** Exercise requirements **
Without any of the pictures, set down the data below exactly.

Study material: Begin

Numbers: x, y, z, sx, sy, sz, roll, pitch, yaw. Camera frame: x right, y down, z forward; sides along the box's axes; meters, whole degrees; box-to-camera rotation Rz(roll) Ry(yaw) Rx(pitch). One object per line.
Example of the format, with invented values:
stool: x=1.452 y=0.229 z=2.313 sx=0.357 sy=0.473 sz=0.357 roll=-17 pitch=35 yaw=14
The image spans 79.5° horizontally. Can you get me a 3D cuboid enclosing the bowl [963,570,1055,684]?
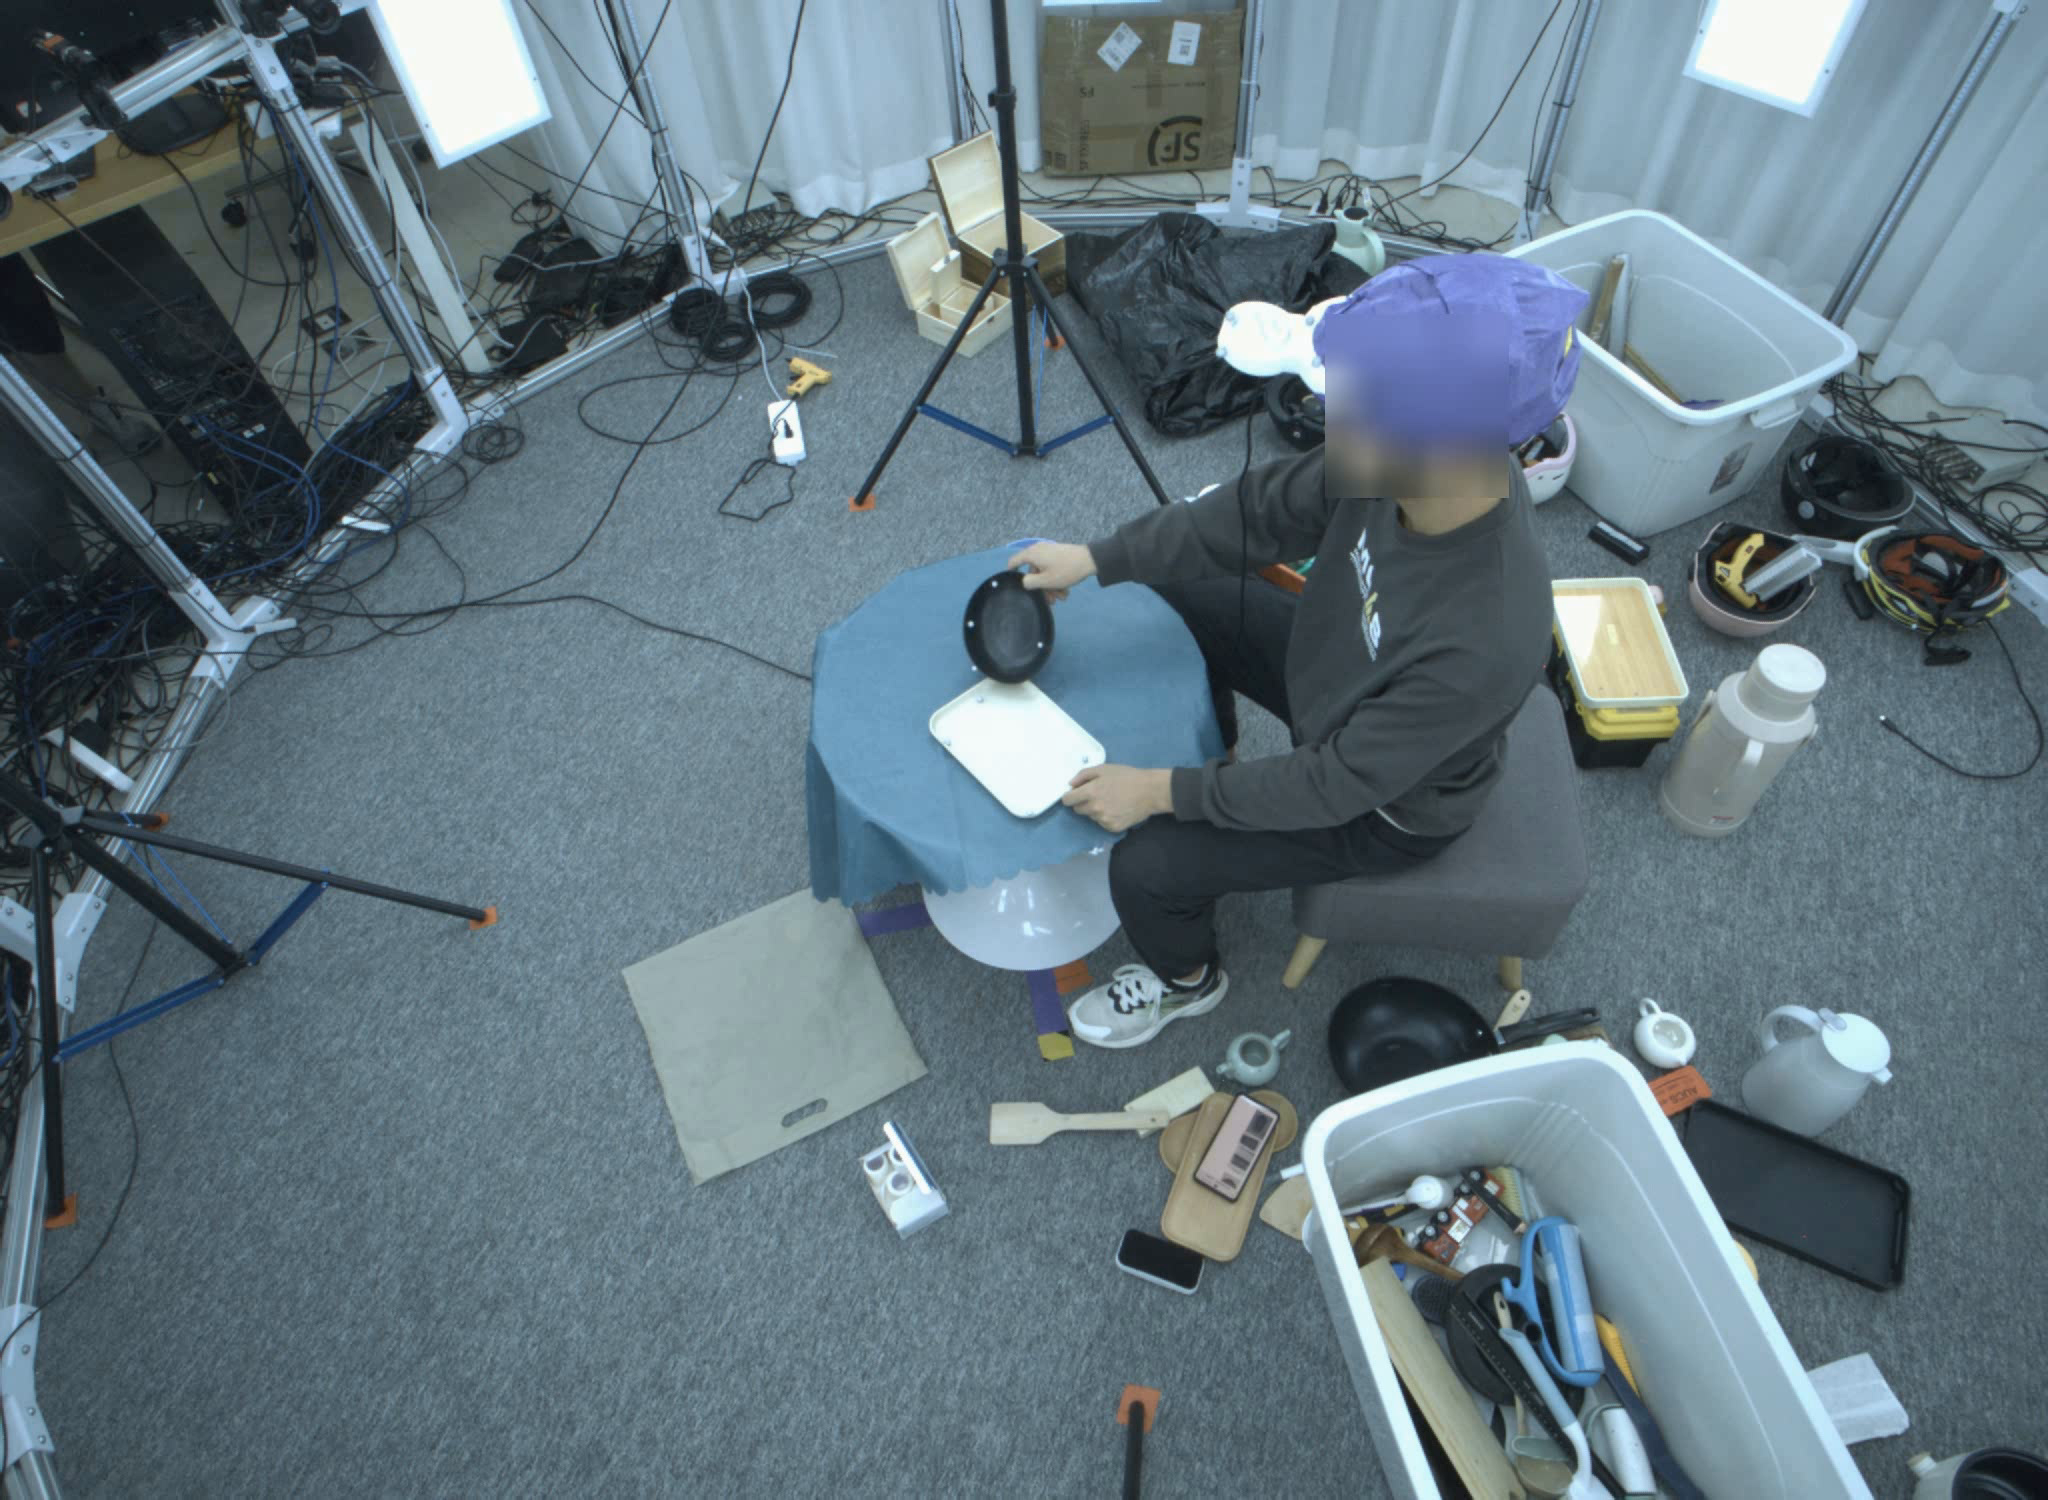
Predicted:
bowl: x=-0.019 y=-0.183 z=1.838 sx=0.137 sy=0.067 sz=0.170 roll=-3 pitch=91 yaw=6

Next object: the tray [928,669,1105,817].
tray: x=-0.012 y=-0.012 z=1.783 sx=0.172 sy=0.017 sz=0.235 roll=-35 pitch=61 yaw=-22

Study material: End

** Output **
Numbers: x, y, z, sx, sy, sz, roll, pitch, yaw. Camera frame: x right, y down, z forward; sides along the box's axes; meters, whole degrees; box-to-camera rotation Rz(roll) Ry(yaw) Rx(pitch). One object per line.
Example of the format, with invented values:
stool: x=1.452 y=0.229 z=2.313 sx=0.357 sy=0.473 sz=0.357 roll=-17 pitch=35 yaw=14
The image spans 79.5° horizontally. Can you get me a 3D cuboid enclosing the bowl [963,570,1055,684]?
Predicted:
bowl: x=-0.019 y=-0.183 z=1.838 sx=0.137 sy=0.067 sz=0.170 roll=-3 pitch=91 yaw=6

Next object: the tray [928,669,1105,817].
tray: x=-0.012 y=-0.012 z=1.783 sx=0.172 sy=0.017 sz=0.235 roll=-35 pitch=61 yaw=-22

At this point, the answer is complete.